INSTRUCTIONS FOR THE TASK: The lines below, from the one containing "#1 metal rod [13,101,253,130]" through the one containing "#4 short metal cylinder [67, 37, 143, 108]", should be set down exactly, with no pictures and nothing else.

Data records:
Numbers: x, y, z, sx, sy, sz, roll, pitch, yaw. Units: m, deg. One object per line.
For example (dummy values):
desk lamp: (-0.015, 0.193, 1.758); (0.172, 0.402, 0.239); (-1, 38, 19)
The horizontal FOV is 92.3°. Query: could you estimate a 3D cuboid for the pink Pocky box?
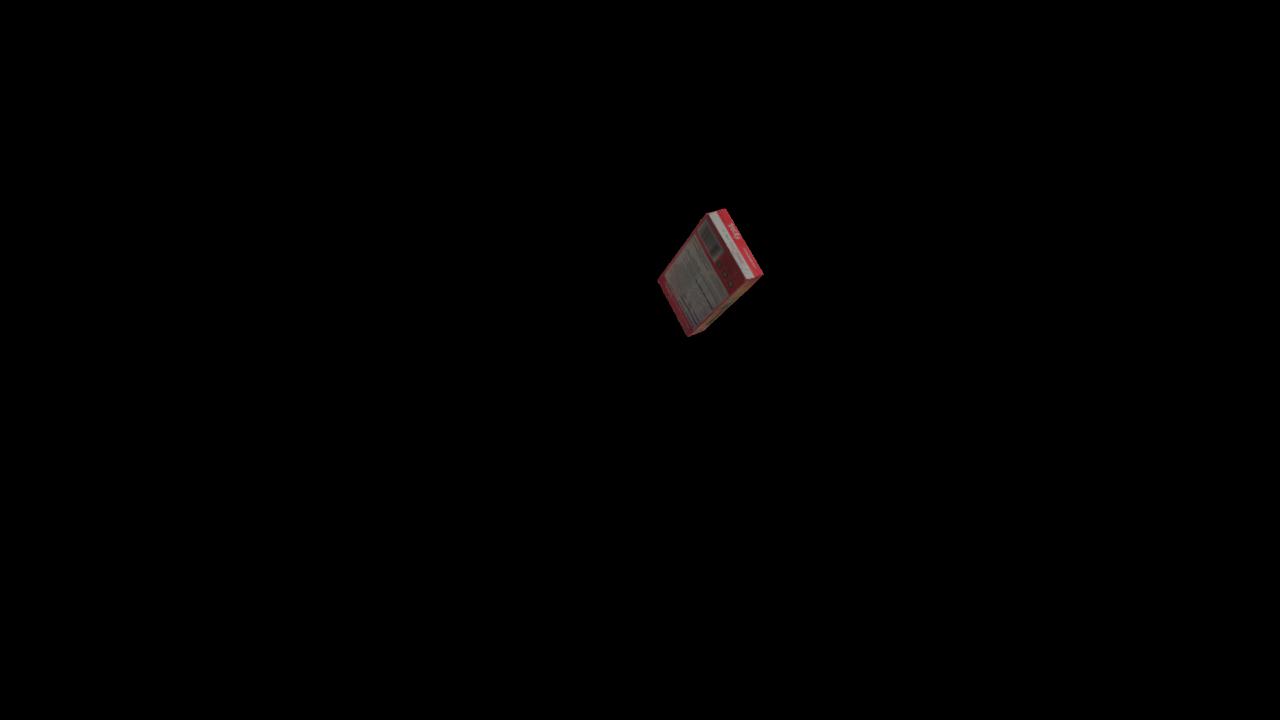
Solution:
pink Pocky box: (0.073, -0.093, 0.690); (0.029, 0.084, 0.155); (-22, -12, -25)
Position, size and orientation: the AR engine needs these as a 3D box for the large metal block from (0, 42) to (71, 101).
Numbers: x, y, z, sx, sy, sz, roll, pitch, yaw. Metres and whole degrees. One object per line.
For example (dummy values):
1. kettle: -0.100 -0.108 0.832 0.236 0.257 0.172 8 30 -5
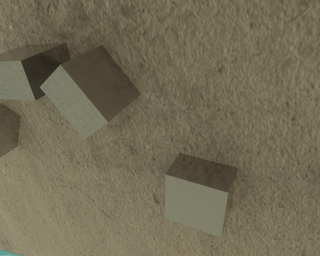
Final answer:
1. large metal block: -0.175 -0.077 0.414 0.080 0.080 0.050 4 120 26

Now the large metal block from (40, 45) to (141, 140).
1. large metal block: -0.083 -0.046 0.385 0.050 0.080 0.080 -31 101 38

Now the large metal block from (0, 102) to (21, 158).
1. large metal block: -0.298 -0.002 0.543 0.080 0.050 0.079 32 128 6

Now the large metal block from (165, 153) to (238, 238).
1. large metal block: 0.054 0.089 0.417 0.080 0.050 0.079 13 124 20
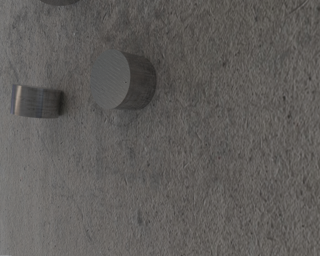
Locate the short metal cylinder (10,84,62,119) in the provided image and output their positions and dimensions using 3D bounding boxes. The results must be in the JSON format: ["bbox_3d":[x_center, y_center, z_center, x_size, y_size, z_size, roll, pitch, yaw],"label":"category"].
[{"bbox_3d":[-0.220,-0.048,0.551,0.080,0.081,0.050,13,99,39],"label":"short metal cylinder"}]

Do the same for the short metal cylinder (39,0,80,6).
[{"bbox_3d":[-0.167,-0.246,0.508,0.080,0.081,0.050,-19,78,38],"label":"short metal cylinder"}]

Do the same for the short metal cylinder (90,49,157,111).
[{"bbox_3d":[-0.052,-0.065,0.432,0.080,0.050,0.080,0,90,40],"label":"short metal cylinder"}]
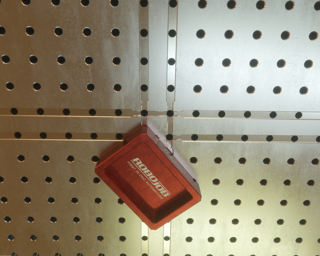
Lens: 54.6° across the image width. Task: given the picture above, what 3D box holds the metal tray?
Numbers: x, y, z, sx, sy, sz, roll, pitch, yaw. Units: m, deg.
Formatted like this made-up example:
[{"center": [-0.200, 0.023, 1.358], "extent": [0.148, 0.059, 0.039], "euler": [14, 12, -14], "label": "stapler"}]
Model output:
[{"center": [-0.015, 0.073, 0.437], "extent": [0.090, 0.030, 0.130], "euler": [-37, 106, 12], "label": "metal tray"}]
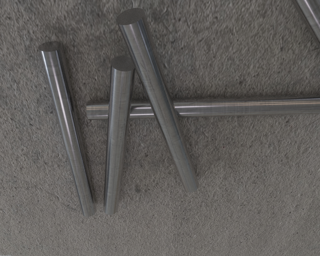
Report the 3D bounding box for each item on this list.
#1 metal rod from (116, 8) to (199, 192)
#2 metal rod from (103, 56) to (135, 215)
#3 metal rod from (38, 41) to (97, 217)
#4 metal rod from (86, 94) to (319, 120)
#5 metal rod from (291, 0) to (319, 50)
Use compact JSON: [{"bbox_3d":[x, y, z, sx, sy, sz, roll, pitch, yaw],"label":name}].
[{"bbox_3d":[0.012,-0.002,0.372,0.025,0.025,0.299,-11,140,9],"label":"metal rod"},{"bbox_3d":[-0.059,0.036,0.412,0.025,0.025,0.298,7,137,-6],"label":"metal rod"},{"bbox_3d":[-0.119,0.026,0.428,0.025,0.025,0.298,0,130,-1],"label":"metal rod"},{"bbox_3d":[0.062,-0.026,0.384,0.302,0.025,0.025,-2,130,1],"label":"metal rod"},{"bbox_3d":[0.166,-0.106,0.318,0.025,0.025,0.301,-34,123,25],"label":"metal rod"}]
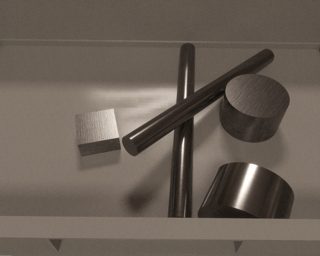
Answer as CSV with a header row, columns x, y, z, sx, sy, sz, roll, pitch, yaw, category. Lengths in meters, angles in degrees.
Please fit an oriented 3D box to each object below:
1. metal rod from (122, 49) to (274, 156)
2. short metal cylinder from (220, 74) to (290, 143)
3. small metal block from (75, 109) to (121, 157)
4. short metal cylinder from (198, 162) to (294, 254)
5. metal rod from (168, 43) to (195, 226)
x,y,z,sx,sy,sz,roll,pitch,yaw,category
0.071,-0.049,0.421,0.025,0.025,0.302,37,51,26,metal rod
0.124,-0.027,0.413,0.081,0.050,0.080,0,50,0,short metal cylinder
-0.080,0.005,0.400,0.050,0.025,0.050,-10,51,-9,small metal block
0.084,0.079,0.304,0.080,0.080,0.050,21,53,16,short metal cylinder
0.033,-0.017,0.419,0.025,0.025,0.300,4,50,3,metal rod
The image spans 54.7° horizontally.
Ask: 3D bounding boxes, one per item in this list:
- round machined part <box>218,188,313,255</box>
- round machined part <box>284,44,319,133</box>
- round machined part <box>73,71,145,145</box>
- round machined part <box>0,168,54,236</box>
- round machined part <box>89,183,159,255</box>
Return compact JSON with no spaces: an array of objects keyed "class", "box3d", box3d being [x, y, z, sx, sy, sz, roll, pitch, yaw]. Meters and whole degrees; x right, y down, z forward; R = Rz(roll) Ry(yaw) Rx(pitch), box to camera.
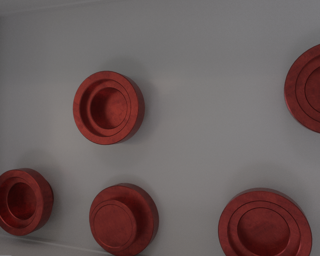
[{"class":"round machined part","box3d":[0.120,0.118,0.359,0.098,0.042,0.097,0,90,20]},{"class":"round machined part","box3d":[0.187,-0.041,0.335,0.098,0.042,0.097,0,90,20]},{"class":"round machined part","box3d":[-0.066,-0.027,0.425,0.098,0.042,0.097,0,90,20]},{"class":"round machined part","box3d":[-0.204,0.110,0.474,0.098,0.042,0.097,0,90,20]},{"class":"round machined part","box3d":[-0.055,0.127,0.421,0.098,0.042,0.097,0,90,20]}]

--

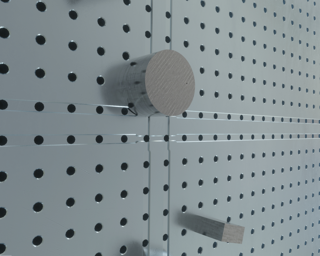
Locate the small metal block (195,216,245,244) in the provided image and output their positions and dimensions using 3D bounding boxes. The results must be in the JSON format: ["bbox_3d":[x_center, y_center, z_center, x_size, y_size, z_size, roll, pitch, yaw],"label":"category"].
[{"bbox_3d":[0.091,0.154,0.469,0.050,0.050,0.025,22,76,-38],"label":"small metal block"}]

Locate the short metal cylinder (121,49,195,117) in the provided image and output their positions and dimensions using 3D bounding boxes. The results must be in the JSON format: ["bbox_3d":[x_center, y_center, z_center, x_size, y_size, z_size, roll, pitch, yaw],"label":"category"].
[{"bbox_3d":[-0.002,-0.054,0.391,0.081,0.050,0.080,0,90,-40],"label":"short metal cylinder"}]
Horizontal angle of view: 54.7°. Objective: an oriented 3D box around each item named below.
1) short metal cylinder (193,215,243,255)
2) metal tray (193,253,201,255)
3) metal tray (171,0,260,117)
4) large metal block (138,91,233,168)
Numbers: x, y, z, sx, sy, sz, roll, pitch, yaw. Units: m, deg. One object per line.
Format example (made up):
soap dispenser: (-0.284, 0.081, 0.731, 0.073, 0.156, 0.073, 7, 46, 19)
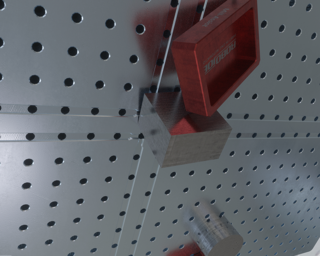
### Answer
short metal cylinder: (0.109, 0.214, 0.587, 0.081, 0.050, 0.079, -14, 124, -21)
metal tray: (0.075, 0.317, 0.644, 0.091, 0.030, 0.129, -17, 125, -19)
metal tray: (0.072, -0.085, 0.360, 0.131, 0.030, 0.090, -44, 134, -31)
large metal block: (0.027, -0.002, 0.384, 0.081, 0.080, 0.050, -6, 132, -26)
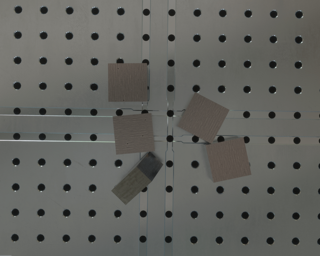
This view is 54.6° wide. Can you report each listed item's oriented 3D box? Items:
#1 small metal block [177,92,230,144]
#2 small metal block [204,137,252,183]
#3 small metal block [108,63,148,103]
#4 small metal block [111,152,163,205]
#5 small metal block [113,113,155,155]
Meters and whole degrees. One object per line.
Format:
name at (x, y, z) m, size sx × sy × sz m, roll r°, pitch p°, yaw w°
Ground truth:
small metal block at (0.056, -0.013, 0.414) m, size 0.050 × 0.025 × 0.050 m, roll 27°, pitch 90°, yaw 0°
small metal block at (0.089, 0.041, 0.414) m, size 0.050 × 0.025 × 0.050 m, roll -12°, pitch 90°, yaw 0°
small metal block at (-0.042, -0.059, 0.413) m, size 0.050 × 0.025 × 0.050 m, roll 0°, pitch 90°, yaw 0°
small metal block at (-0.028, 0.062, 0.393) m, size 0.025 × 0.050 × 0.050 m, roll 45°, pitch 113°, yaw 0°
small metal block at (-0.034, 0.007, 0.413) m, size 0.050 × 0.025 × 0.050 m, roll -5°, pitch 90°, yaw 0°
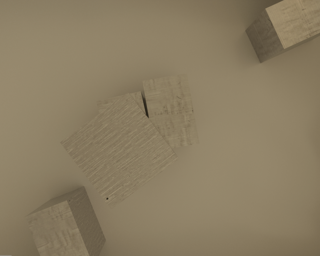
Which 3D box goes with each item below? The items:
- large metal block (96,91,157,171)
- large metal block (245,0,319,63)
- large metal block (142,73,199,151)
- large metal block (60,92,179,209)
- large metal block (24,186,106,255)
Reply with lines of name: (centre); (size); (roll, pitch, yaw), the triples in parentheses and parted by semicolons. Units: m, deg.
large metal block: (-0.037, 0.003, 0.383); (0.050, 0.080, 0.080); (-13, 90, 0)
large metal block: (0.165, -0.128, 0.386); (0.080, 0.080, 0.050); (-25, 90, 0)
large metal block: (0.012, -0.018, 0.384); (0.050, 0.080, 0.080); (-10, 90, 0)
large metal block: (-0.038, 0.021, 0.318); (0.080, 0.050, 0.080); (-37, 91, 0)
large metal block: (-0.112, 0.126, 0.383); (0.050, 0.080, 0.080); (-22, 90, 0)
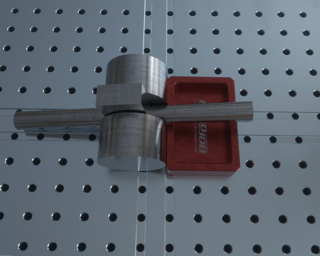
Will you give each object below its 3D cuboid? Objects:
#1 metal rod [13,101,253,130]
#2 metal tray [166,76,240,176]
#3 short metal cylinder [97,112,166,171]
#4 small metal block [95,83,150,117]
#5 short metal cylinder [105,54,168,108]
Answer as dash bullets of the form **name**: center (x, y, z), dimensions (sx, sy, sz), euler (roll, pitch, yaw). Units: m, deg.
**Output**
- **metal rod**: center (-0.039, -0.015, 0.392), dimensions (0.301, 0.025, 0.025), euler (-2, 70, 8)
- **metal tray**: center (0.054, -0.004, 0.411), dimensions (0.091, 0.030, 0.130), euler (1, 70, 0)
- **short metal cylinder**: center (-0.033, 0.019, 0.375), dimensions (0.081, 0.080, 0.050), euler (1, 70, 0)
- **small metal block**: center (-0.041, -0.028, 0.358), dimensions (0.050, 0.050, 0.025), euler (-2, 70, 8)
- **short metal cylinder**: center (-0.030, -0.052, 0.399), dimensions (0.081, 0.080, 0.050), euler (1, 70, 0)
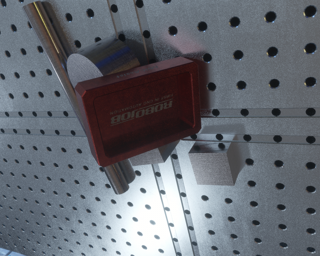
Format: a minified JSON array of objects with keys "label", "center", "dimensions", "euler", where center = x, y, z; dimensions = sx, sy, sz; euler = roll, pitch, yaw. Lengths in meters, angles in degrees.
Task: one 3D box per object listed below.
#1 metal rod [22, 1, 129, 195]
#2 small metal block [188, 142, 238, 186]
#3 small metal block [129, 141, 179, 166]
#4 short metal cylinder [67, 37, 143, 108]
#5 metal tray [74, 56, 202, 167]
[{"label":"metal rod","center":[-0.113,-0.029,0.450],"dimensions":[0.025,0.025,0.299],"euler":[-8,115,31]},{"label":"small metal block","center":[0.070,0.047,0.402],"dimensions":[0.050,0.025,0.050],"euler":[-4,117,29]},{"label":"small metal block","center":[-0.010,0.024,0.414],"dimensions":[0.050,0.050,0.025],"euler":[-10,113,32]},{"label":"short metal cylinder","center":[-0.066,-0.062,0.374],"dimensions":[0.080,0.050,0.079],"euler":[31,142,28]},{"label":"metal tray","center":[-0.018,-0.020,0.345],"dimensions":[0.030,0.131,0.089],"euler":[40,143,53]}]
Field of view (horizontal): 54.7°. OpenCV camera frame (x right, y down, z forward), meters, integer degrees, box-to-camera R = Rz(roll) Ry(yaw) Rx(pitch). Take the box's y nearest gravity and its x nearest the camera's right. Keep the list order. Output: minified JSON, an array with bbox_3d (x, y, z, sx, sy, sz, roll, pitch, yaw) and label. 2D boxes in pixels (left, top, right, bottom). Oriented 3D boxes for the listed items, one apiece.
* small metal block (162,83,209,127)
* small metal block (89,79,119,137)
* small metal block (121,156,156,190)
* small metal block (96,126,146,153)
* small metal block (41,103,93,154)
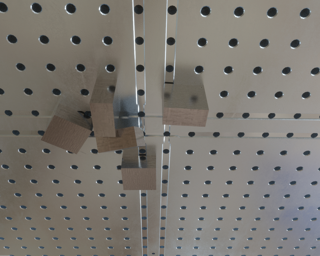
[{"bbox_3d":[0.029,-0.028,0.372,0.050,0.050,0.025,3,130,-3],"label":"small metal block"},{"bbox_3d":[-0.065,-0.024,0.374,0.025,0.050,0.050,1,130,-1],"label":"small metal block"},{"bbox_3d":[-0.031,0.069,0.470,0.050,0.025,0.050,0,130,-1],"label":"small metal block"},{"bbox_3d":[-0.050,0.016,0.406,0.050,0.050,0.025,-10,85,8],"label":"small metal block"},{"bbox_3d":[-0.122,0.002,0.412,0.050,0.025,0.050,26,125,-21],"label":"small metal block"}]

==

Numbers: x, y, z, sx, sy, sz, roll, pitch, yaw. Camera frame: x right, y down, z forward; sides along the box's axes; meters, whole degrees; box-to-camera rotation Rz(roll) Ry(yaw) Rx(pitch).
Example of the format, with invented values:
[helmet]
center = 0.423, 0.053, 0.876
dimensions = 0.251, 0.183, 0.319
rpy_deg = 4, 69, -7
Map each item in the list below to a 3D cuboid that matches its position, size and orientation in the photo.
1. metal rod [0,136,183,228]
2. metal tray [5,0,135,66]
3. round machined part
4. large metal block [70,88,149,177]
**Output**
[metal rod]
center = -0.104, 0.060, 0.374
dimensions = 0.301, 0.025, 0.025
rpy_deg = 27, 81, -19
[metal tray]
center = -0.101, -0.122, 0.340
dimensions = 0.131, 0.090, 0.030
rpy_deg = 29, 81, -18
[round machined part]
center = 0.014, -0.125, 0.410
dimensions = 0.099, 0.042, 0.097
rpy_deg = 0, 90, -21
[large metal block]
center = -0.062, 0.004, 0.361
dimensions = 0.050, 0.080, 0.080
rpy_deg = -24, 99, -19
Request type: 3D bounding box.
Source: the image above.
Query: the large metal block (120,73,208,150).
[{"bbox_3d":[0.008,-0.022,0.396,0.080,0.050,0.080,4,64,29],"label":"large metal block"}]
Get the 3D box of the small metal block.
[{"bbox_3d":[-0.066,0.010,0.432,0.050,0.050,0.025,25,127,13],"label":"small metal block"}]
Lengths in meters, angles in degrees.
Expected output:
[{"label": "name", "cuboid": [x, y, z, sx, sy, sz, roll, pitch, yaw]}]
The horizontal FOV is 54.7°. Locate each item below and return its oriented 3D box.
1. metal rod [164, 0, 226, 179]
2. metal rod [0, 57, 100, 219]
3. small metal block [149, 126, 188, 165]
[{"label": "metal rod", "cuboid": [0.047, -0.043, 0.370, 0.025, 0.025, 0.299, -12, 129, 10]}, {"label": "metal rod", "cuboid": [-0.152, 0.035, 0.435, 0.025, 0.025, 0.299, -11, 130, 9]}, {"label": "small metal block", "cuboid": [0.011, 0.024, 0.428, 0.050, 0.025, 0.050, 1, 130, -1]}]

COMPLETED TASK:
#1 metal rod [13,101,253,130]
#2 metal tray [166,76,240,176]
#3 short metal cylinder [97,112,166,171]
#4 small metal block [95,83,150,117]
#5 short metal cylinder [105,54,168,108]
Answer as dash bullets of the form **name**: center (x, y, z), dimensions (sx, sy, sz), euler (roll, pitch, yaw). Units: m, deg.
**Output**
- **metal rod**: center (-0.039, -0.015, 0.392), dimensions (0.301, 0.025, 0.025), euler (-2, 70, 8)
- **metal tray**: center (0.054, -0.004, 0.411), dimensions (0.091, 0.030, 0.130), euler (1, 70, 0)
- **short metal cylinder**: center (-0.033, 0.019, 0.375), dimensions (0.081, 0.080, 0.050), euler (1, 70, 0)
- **small metal block**: center (-0.041, -0.028, 0.358), dimensions (0.050, 0.050, 0.025), euler (-2, 70, 8)
- **short metal cylinder**: center (-0.030, -0.052, 0.399), dimensions (0.081, 0.080, 0.050), euler (1, 70, 0)
Format: a minified JSON array of objects with keys "label", "center", "dimensions", "euler", where center = x, y, z; dimensions = sx, sy, sz; euler = roll, pitch, yaw. Lengths in meters, angles in degrees.
Task: one 3D box per object listed below.
#1 metal rod [22, 1, 129, 195]
#2 small metal block [188, 142, 238, 186]
#3 small metal block [129, 141, 179, 166]
#4 short metal cylinder [67, 37, 143, 108]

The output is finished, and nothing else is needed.